General-purpose graphics processing units (GPGPU) brings an opportunity to improve the performance for many applications. However, exploiting parallelism is low productive in current programming frameworks such as CUDA and OpenCL. Programmers have to consider and deal with many GPGPU architecture details; therefore it is a challenge to trade off the programmability and the efficiency of performance tuning.

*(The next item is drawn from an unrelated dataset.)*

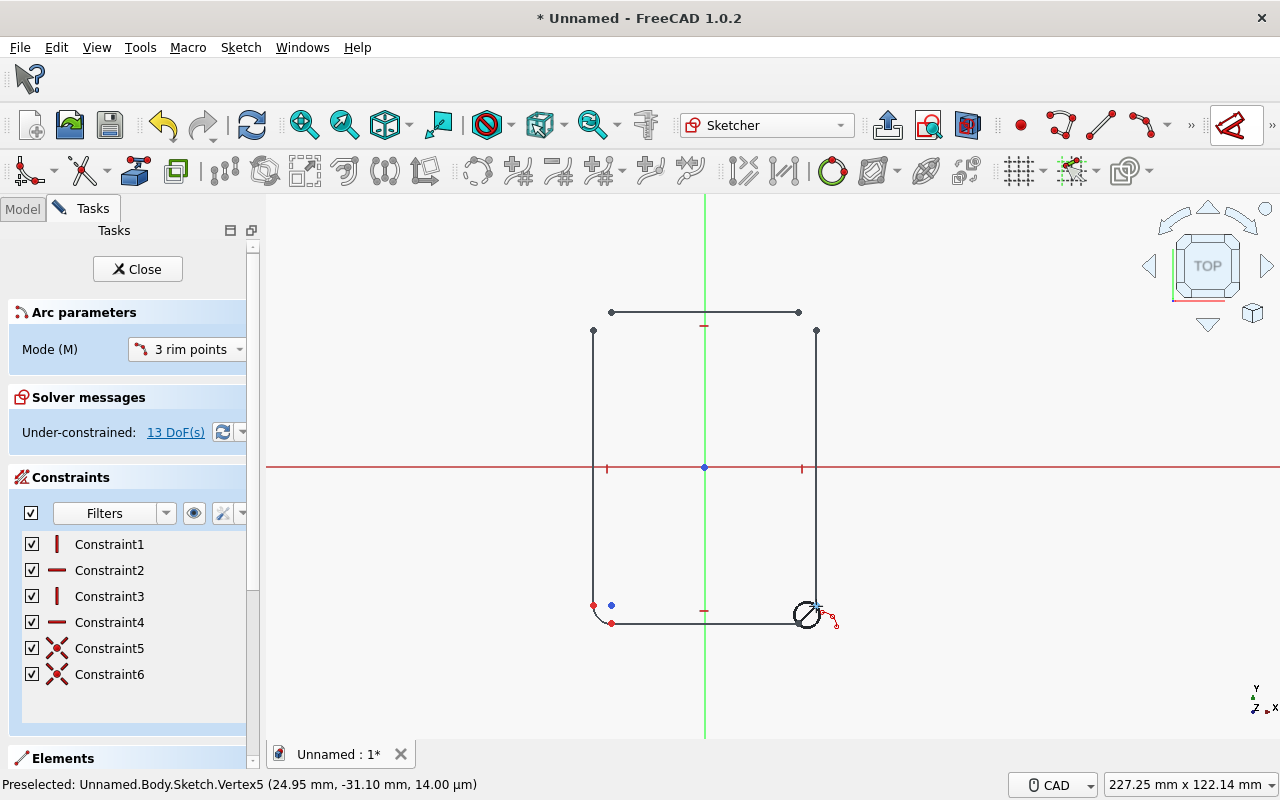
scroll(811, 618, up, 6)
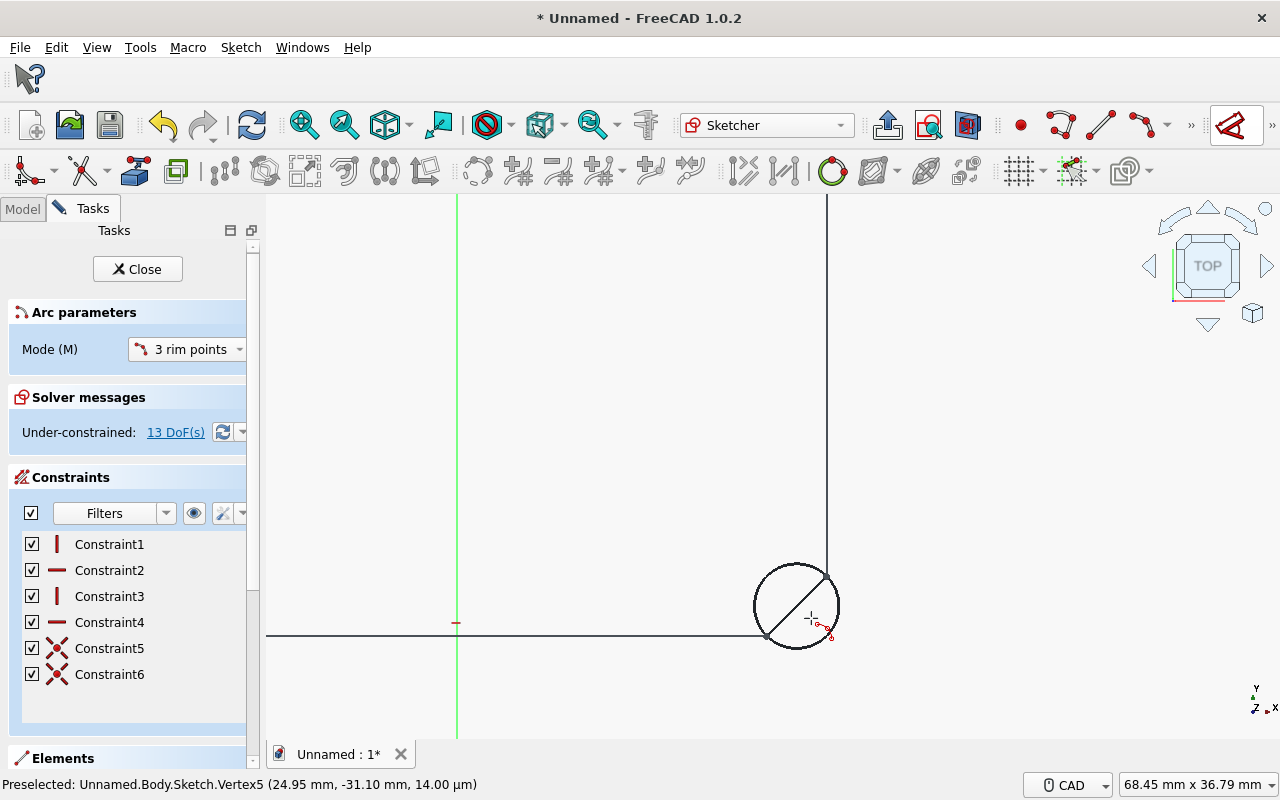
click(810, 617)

Parallel Repacking (PR) is a popular performance tuning approach for GPGPU applications, which improves the performance by changing the parallel granularity. Existing code transformation algorithms using PR increase the productivity, but they do not cover adequate code patterns and do not give an effective code error detection. In this paper, we propose a novel parallel repacking algorithm (APR) to cover a wide range of code patterns and improve efficiency. We develop an efficient code model that expresses a GPGPU program as a recursive statement sequence, and introduces a concept of singular statement. APR building upon this model uses appropriate transformation rules for singular and non-singular statements to generate the repacked codes. A recursive transformation is performed when it encounters a branching/loop singular statement. Additionally, singular statements unify the transformation for barriers and data sharing, and enable APR to detect the barrier errors. The experiment results based on a prototype show that out proposed APR covers more code patterns than existing solutions such as the automatic thread coarsening in Crest, and the repacked codes using the APR achieve effective performance gain up to 3.28X speedup, in some cases even higher than manually tuned repacked codes.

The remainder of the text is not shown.